■ YOUR OBJECTIVE
Every entry is to be returned as it stands, apart from the pictures.

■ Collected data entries
──────────
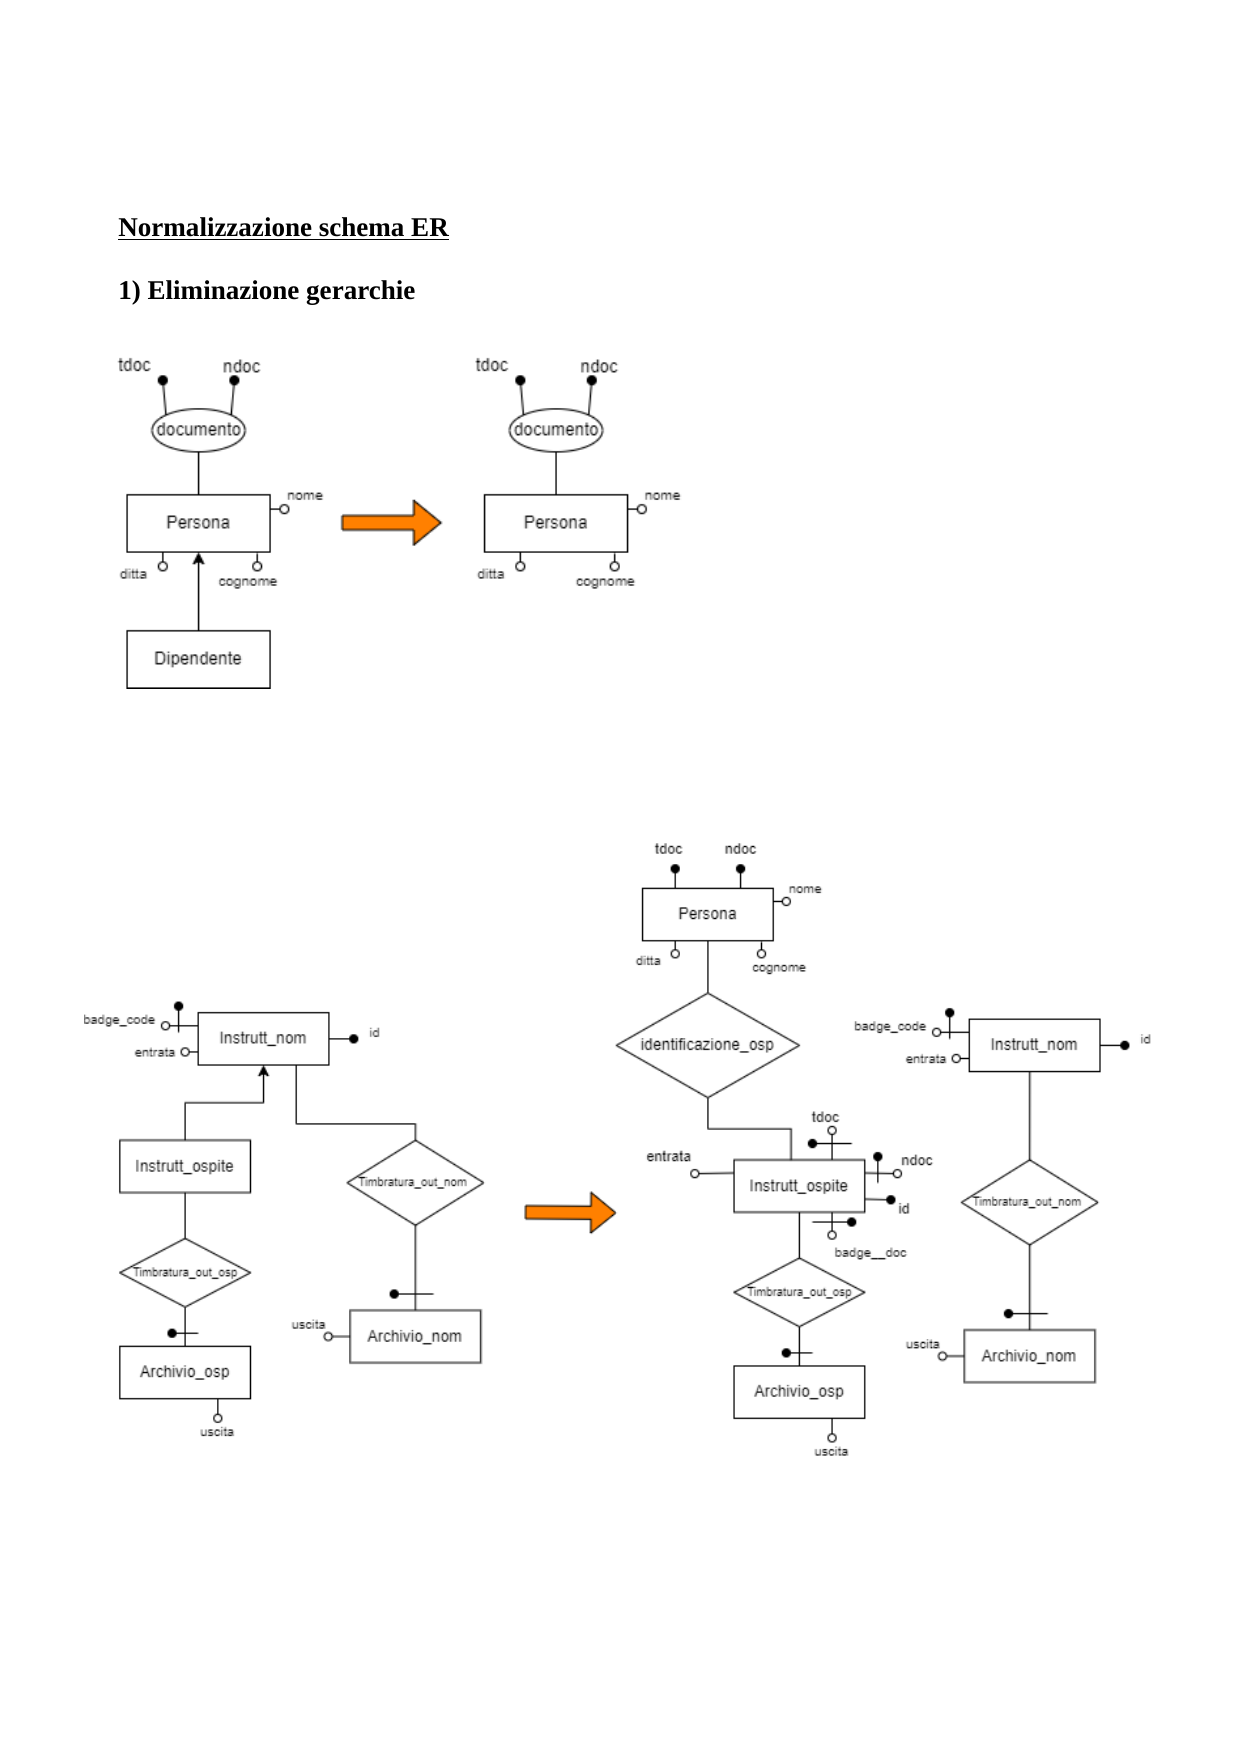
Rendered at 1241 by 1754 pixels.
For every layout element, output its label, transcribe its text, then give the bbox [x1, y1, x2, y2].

text 1) Eliminazione gerarchie [118, 274, 1122, 305]
text Normalizzazione schema ER [118, 212, 1122, 243]
picture [84, 829, 1157, 1461]
picture [98, 344, 700, 689]
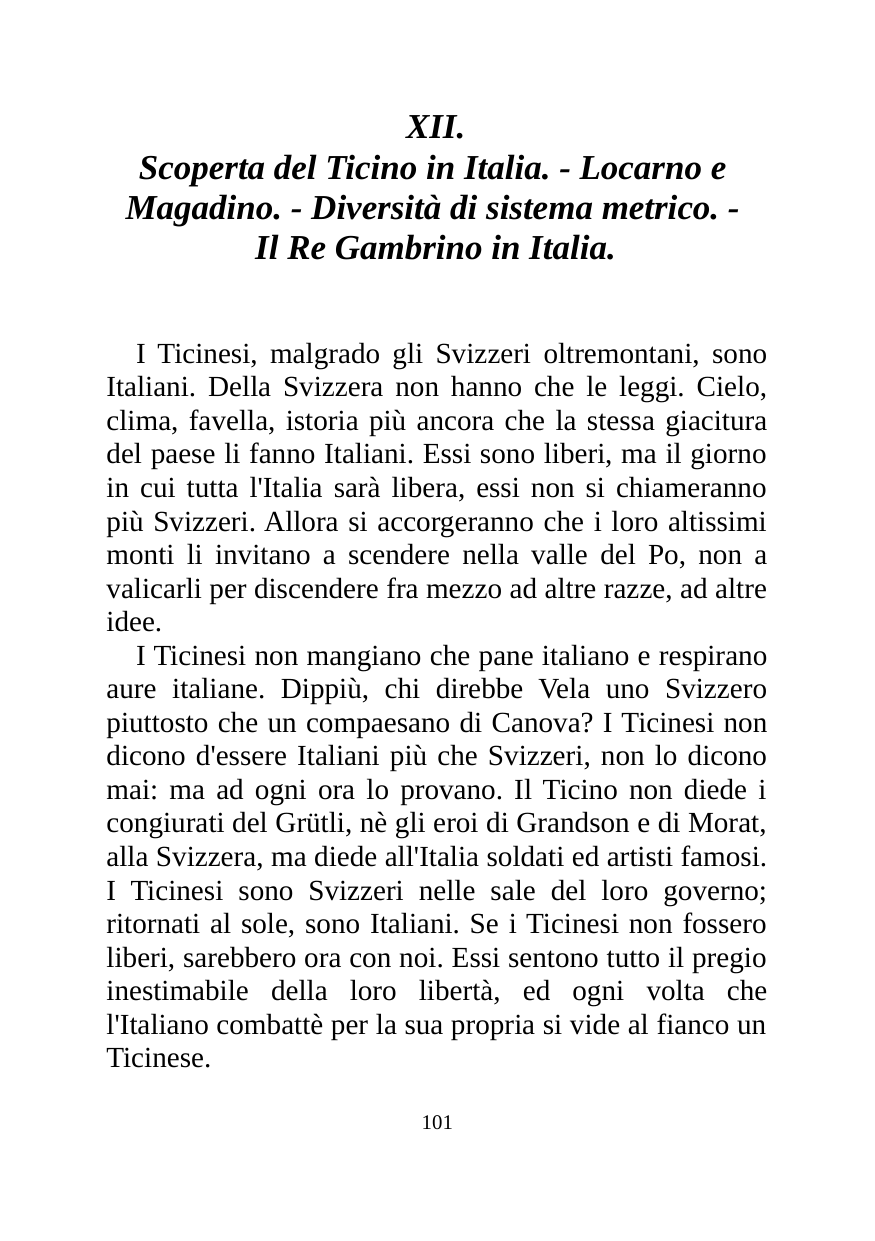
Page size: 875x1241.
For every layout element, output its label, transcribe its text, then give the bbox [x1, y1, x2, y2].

text I Ticinesi, malgrado gli Svizzeri oltremontani, sono Italiani. Della Svizzera non hanno che le leggi. Cielo, clima, favella, istoria più ancora che la stessa giacitura del paese li fanno Italiani. Essi sono liberi, ma il giorno in cui tutta l'Italia sarà libera, essi non si chiameranno più Svizzeri. Allora si accorgeranno che i loro altissimi monti li invitano a scendere nella valle del Po, non a valicarli per discendere fra mezzo ad altre razze, ad altre idee. [106, 336, 768, 638]
text I Ticinesi non mangiano che pane italiano e respirano aure italiane. Dippiù, chi direbbe Vela uno Svizzero piuttosto che un compaesano di Canova? I Ticinesi non dicono d'essere Italiani più che Svizzeri, non lo dicono mai: ma ad ogni ora lo provano. Il Ticino non diede i congiurati del Grütli, nè gli eroi di Grandson e di Morat, alla Svizzera, ma diede all'Italia soldati ed artisti famosi. I Ticinesi sono Svizzeri nelle sale del loro governo; ritornati al sole, sono Italiani. Se i Ticinesi non fossero liberi, sarebbero ora con noi. Essi sentono tutto il pregio inestimabile della loro libertà, ed ogni volta che l'Italiano combattè per la sua propria si vide al fianco un Ticinese. [106, 638, 768, 1074]
subtitle XII. Scoperta del Ticino in Italia. - Locarno e Magadino. - Diversità di sistema metrico. - Il Re Gambrino in Italia. [106, 106, 768, 267]
──────────
■ OUTPUT
Rendered at 1241 by 1754 pixels.
For every layout element, output its label, transcribe its text, then give the bbox [x1, y1, x2, y2].

text 1) Eliminazione gerarchie [118, 274, 1122, 305]
text Normalizzazione schema ER [118, 212, 1122, 243]
picture [84, 829, 1157, 1461]
picture [98, 344, 700, 689]
Page size: 875x1241.
For every layout element, output its label, transcribe its text, then give the bbox [x1, y1, x2, y2].

text I Ticinesi, malgrado gli Svizzeri oltremontani, sono Italiani. Della Svizzera non hanno che le leggi. Cielo, clima, favella, istoria più ancora che la stessa giacitura del paese li fanno Italiani. Essi sono liberi, ma il giorno in cui tutta l'Italia sarà libera, essi non si chiameranno più Svizzeri. Allora si accorgeranno che i loro altissimi monti li invitano a scendere nella valle del Po, non a valicarli per discendere fra mezzo ad altre razze, ad altre idee. [106, 336, 768, 638]
text I Ticinesi non mangiano che pane italiano e respirano aure italiane. Dippiù, chi direbbe Vela uno Svizzero piuttosto che un compaesano di Canova? I Ticinesi non dicono d'essere Italiani più che Svizzeri, non lo dicono mai: ma ad ogni ora lo provano. Il Ticino non diede i congiurati del Grütli, nè gli eroi di Grandson e di Morat, alla Svizzera, ma diede all'Italia soldati ed artisti famosi. I Ticinesi sono Svizzeri nelle sale del loro governo; ritornati al sole, sono Italiani. Se i Ticinesi non fossero liberi, sarebbero ora con noi. Essi sentono tutto il pregio inestimabile della loro libertà, ed ogni volta che l'Italiano combattè per la sua propria si vide al fianco un Ticinese. [106, 638, 768, 1074]
subtitle XII. Scoperta del Ticino in Italia. - Locarno e Magadino. - Diversità di sistema metrico. - Il Re Gambrino in Italia. [106, 106, 768, 267]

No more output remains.